3. Storage. The electricity that is generated will fluctuate, and accordingly must be stored in a system that can then release the electricity at a given rate in a controlled fashion. This can be done with batteries, by means of cryogenic systems, compressed air, or fly wheel storage systems, but for an installation of any size, the most common and most practical solution at this time is to use a conventional power grid.
4. Transmission. The final step in converting wind power to electricity is to transmit the power, through a transmission system, to the ultimate consumer.

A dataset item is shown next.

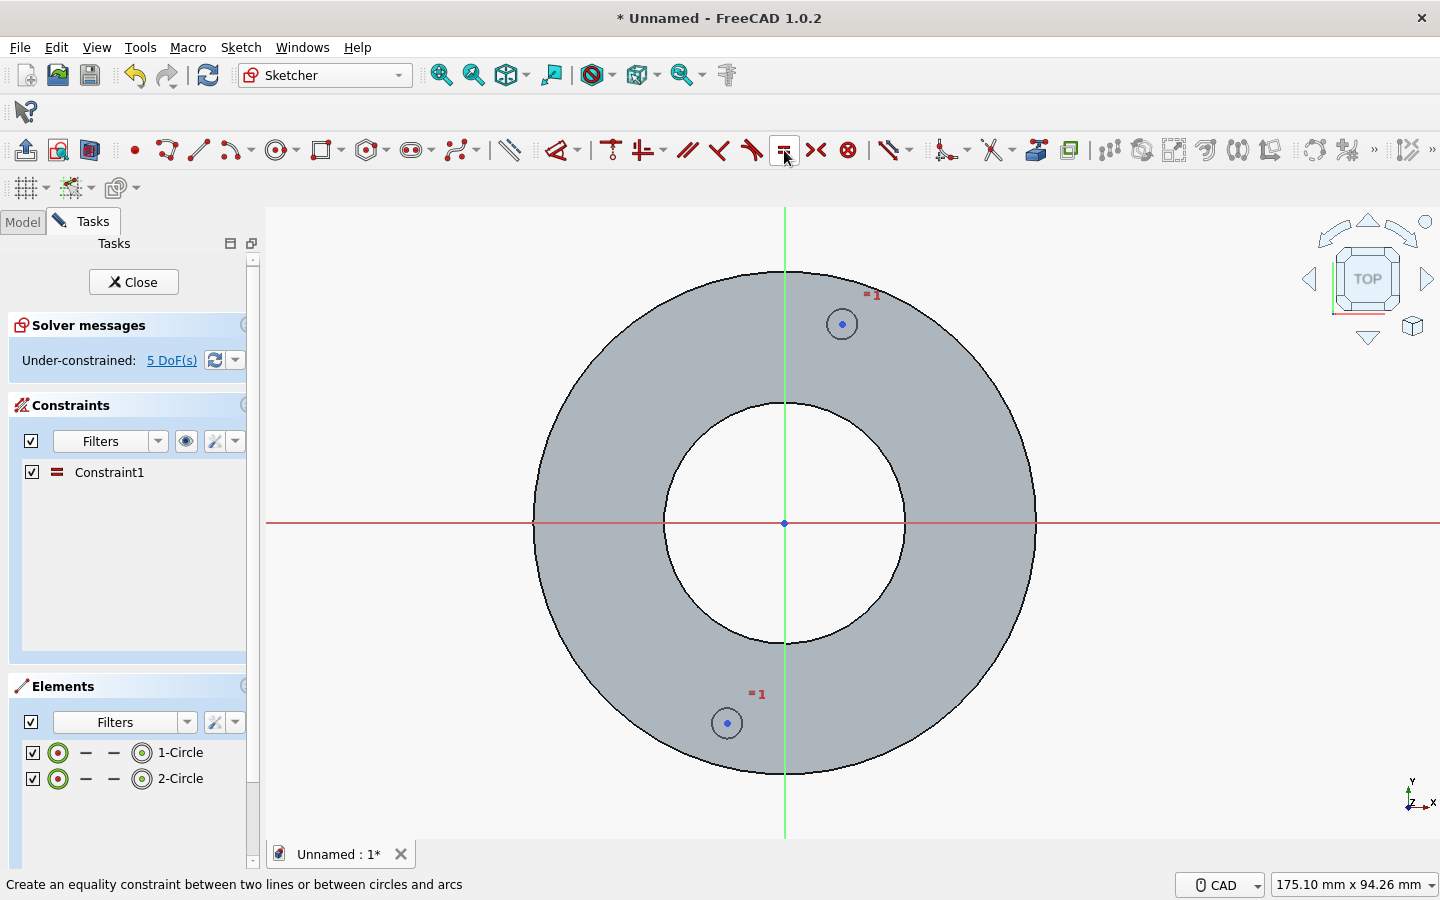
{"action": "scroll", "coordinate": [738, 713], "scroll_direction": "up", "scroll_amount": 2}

From the above criteria, it is obvious that to harness wind power with working facilities is a costly business. The larger the facility, the more complex and costly it becomes. The larger rotor diameters are very desirable. The general formula for computing wind power is that the power varies as the cube of the velocity of the air and of circular areas through which it passes. When large facilities which are being considered are constructed, they will most likely be on the ocean, on top of mountain peaks, or on very high towers in the plains regions to be "where the wind is". Therefore, the cost associated with the structure will be great and the storage and transmission costs will also be high, due to the remoteness of the most desirable locations for locating such windmills.
I am aware of the following patents that may be pertinent to the invention:
Nos. 215,035 - May 6, 1879 PA1 535,602 - Mar. 12, 1895 PA1 1,003,661 - Sept. 19, 1911 PA1 1,929,410 - July 9, 1930 PA1 3,637,193 - Jan. 25, 1972 PA1 3,708,155 - Jan. 2, 1973.